Following is a set of Peano postulates I am using. (Axiom 1.2.1 in Bloch's book)
There exists a set ##\mathbb{N}## with an element ##1 \in \mathbb{N}## and a function ##s: \mathbb{N} \rightarrow \mathbb{N} ## that satisfy the following three properties.

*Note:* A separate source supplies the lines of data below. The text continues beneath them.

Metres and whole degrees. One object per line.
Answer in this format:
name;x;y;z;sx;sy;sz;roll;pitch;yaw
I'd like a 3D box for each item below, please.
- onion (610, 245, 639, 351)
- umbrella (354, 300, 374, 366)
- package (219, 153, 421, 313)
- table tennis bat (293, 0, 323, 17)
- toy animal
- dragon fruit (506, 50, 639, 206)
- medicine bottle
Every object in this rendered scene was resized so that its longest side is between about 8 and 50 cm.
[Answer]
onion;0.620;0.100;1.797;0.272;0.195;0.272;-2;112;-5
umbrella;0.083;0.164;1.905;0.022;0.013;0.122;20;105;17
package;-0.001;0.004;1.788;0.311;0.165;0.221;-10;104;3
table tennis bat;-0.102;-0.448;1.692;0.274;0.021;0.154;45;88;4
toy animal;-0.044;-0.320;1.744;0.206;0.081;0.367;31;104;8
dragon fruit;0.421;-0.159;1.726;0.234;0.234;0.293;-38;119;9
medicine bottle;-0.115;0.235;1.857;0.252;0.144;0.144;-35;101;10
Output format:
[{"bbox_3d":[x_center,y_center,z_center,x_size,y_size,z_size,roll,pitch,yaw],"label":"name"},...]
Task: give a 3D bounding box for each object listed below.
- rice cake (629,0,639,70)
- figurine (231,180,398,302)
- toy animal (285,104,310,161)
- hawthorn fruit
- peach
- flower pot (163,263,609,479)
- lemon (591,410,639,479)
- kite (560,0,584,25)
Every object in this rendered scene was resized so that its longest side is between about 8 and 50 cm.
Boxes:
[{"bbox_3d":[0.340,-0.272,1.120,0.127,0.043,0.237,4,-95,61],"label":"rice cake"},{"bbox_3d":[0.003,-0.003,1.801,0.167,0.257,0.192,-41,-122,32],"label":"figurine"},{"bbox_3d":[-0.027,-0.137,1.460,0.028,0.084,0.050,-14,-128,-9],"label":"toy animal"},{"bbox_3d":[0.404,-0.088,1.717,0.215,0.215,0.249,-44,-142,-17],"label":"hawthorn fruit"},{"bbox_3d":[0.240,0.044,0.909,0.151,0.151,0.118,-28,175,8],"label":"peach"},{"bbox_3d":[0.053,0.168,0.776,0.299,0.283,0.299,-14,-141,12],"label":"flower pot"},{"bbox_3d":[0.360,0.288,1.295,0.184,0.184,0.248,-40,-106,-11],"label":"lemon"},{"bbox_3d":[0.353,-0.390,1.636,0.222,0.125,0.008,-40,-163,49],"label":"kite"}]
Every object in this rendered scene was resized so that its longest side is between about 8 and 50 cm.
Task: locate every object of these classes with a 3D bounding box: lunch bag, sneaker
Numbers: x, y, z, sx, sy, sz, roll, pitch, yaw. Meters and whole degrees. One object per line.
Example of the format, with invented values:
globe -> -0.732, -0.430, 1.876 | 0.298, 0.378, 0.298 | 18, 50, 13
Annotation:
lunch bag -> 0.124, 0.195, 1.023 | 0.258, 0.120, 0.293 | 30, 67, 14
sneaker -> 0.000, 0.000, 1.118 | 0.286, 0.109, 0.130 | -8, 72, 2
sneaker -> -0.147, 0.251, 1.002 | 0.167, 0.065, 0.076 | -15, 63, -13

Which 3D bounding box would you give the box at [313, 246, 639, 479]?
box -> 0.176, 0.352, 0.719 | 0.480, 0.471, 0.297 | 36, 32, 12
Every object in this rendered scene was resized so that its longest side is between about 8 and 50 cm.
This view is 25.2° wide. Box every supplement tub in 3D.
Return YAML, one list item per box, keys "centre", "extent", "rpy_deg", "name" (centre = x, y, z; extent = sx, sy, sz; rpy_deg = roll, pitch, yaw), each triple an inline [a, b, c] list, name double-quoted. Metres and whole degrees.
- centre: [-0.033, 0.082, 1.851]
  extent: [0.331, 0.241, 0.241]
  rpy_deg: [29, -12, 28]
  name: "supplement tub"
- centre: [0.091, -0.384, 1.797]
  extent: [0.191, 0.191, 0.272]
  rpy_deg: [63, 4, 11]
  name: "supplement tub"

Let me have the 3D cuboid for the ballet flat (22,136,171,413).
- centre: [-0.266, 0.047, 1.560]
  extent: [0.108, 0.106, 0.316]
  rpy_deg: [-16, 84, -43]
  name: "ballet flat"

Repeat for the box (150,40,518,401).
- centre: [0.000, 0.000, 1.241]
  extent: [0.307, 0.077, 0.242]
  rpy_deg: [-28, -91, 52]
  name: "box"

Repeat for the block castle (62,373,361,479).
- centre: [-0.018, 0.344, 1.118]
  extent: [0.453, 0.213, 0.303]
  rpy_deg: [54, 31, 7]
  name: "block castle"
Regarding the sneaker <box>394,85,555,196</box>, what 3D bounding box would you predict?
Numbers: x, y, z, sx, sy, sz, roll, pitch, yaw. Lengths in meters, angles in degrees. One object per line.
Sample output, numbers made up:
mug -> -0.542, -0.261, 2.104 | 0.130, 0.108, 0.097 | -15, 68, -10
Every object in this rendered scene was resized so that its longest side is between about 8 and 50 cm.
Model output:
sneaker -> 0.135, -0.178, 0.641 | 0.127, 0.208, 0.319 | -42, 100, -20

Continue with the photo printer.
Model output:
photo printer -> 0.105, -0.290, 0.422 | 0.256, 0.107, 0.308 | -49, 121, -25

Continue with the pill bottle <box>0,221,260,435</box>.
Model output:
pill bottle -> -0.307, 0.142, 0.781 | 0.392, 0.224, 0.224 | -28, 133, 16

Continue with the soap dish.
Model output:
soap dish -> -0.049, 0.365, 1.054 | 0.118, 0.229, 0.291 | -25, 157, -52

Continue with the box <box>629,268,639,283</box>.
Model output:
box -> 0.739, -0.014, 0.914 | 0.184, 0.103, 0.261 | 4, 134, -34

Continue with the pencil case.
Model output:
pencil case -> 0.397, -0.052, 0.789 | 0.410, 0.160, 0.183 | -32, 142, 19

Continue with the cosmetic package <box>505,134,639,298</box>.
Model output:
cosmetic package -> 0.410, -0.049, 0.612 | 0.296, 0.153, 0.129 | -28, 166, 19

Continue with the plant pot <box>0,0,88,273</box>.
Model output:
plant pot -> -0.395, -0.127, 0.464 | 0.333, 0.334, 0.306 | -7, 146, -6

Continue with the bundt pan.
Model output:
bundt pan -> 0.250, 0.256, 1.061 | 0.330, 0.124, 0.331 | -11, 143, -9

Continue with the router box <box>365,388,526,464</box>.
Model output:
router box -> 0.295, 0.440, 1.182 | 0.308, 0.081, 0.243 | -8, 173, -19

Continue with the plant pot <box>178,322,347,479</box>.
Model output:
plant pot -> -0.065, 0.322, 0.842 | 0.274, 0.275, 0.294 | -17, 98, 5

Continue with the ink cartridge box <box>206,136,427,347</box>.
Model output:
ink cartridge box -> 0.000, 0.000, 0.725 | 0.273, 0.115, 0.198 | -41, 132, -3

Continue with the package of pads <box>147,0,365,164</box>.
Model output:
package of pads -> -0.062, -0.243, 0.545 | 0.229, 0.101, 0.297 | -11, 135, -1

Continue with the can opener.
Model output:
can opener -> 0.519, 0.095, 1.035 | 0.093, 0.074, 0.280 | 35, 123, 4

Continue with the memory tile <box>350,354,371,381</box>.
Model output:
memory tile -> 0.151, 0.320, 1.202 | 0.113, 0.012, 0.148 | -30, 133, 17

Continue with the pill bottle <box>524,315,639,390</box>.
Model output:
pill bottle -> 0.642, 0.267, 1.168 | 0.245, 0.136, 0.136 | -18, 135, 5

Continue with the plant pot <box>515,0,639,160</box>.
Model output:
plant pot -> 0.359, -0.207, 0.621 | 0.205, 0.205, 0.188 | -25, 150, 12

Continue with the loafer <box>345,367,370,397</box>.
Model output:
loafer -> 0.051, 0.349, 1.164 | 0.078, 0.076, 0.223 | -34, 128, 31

1) There is no ##n \in \mathbb{N}## such that ##s(n) = 1##
2) The function ##s## is injective.
3) Let ##G \subseteq \mathbb{N}## be a set. Suppose that ##1 \in G##, and that if ##g \in G## then ##s(g) \in G##. Then ## G = \mathbb{N} ##
And addition operation is given in Theorem 1.2.5 as follows
There is a unique binary operation ##+: \mathbb{N} \times \mathbb{N} \to \mathbb{N} ## that satisfies the following two properties for all ##n, m \in \mathbb{N} ##
a. ## n + 1 = s(n) ##
b. ## n + s(m) = s(n + m) ##
Multiplication operation is given in Theorem 1.2.6 as follows
There is a unique binary operation ## \cdot: \mathbb{N} \times \mathbb{N} \to \mathbb{N} ## that satisfies the following two properties for all ##n, m \in \mathbb{N} ##
a. ##n \cdot 1 = n ##
b. ## n \cdot s(m) = (n \cdot m) + n ##
I am also going to assume following results for this proof.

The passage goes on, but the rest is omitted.